Although health policies and projects officially take home births into consideration, “the fact is that these births mostly take place in marginalised and isolated communities, without the involvement of the SUS,” Viana said.
“Traditional midwives can probably teach more than they can learn,” but like any other health professionals they must train to improve and update their skills, and must have access to adequate materials and equipment, as well as means of transport for emergencies, she said.
De Souza said many of her colleagues in Brazil have no social benefits or labour rights, and receive no recognition for their work.
“The government has to address this issue, especially as we have had a Brazilian president who was brought into the world by a traditional midwife,” the expert said, referring to former president Luiz Inácio Lula da Silva (2003-2011), who is from the Northeast.
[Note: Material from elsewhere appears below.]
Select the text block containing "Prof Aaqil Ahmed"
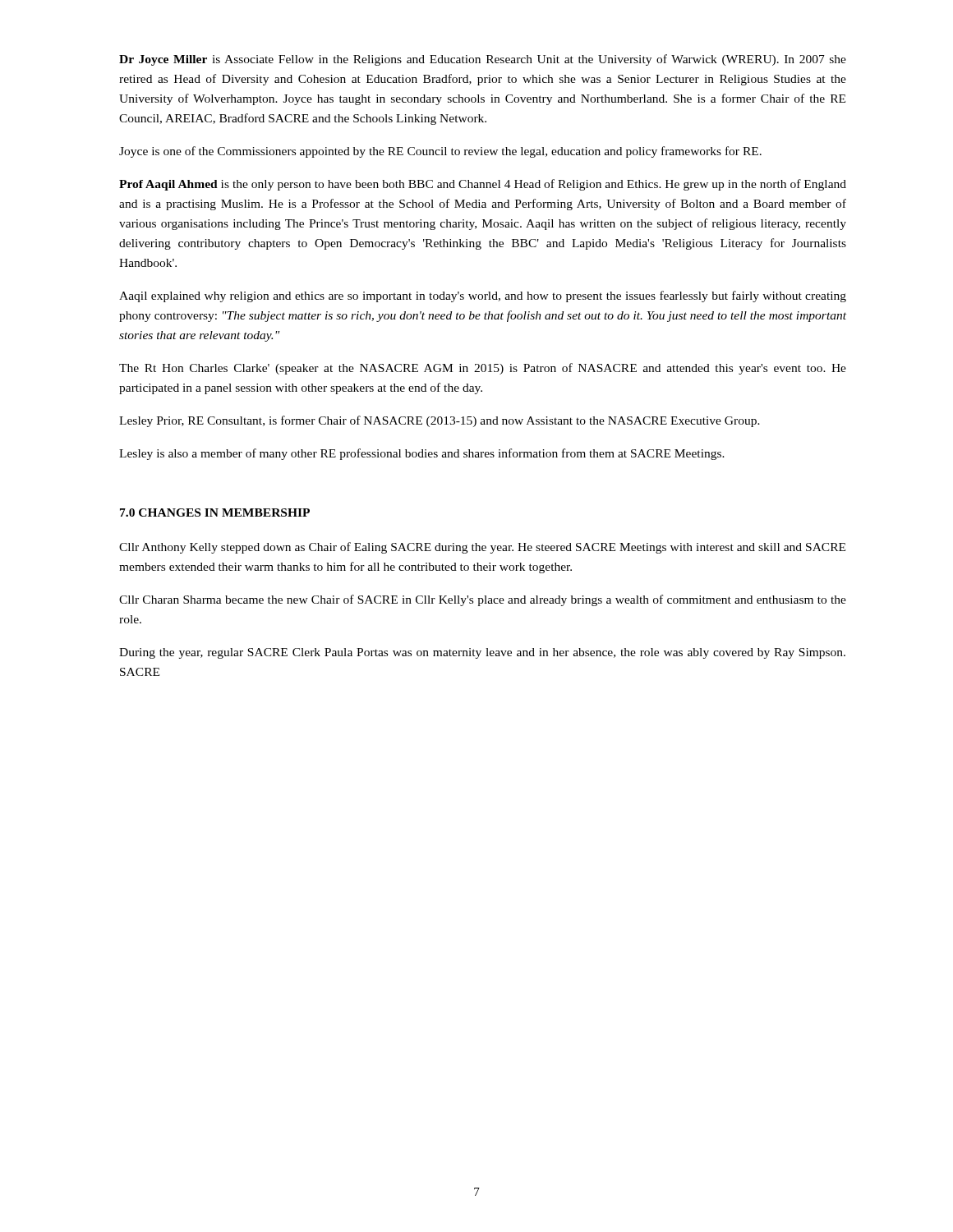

Viana emphasised that “risk is inherent to childbirth, whether it takes place in a woman’s home or in a hospital.” But the danger of a serious health complication would increase if “women in labour were deprived of the support of traditional midwives,” she said.
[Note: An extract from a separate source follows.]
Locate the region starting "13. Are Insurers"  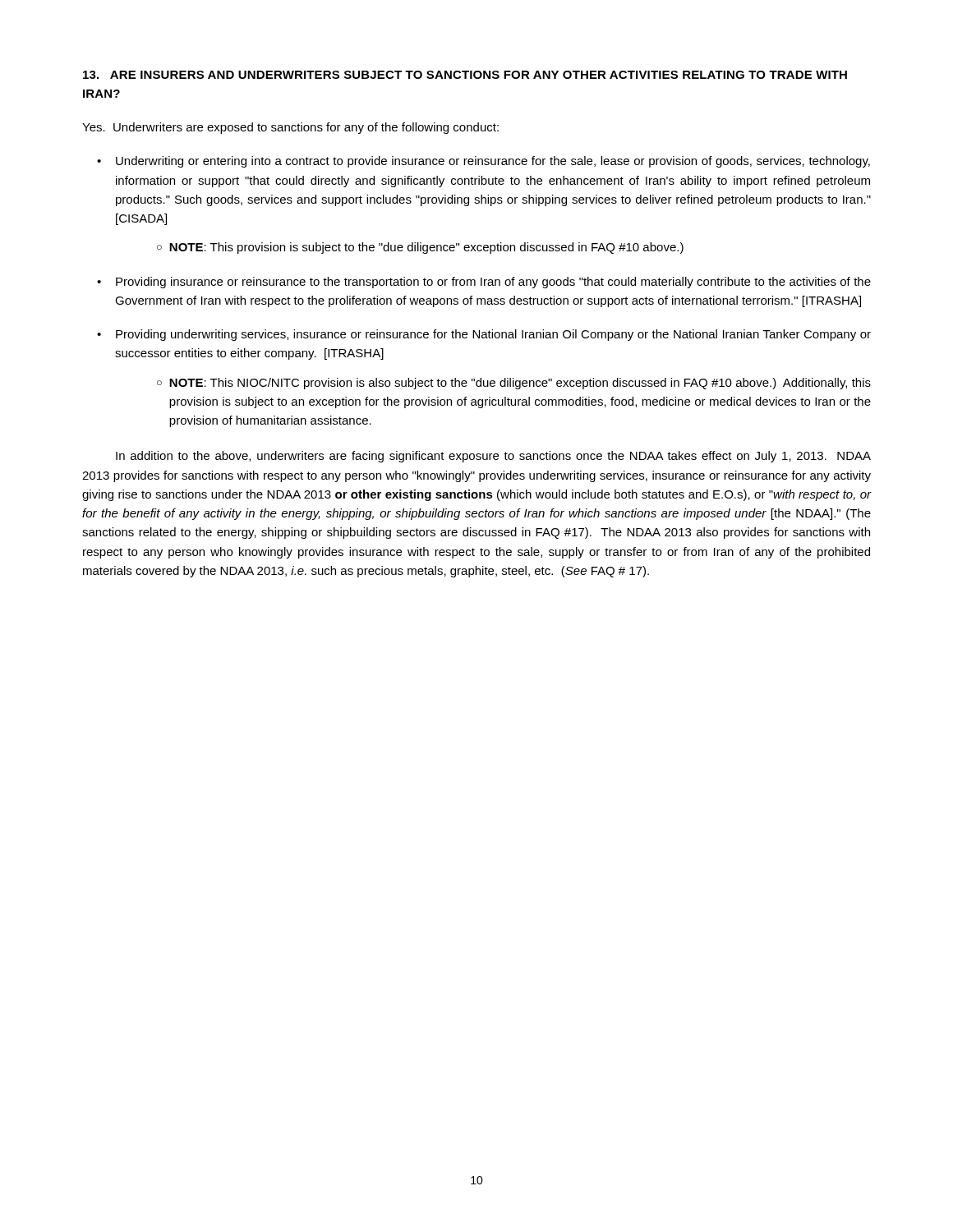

That is why the Curumim Group’s representative is calling for “both healthcare models, the traditional and the biomedical, to join together,” especially in remote and isolated communities.
In de Souza’s view, pregnancy is a natural process, but “many women have got it into their heads that they are ill, or else they don’t want to suffer pain and they ask for a caesarean.” SUS figures for 2008 show that half of the three million births registered that year were by caesarean section.
The maternal mortality rate has declined steadily in Brazil since 1990, when there were 140 maternal deaths per 100,000 live births. By 2010 the figure was 58 per 100,000 and it is expected to drop still further. The main causes of childbirth-related death among women are hypertension, haemorrhages and postpartum infections.
The infant mortality rate has also fallen, to 15.6 per 1,000 live births in 2010, 47 percent lower than in 2000, according to the latest census.
In these circumstances, Viana said, the full range of regional obstetric care should be considered in order to achieve further improvement.
“The more the scientific community endeavours to establish the biomedical model of health, the more we need to analyse the consequences of the excessively interventionist and medicalised nature of childbirth,” she said, pointing out that the number of traditional midwives is in decline.
De Souza, the midwife who has brought more than 1,000 babies into the world, says: “We have been blessed, and we continue to be blessed. We have thousands of years of history behind us, and that must command respect.”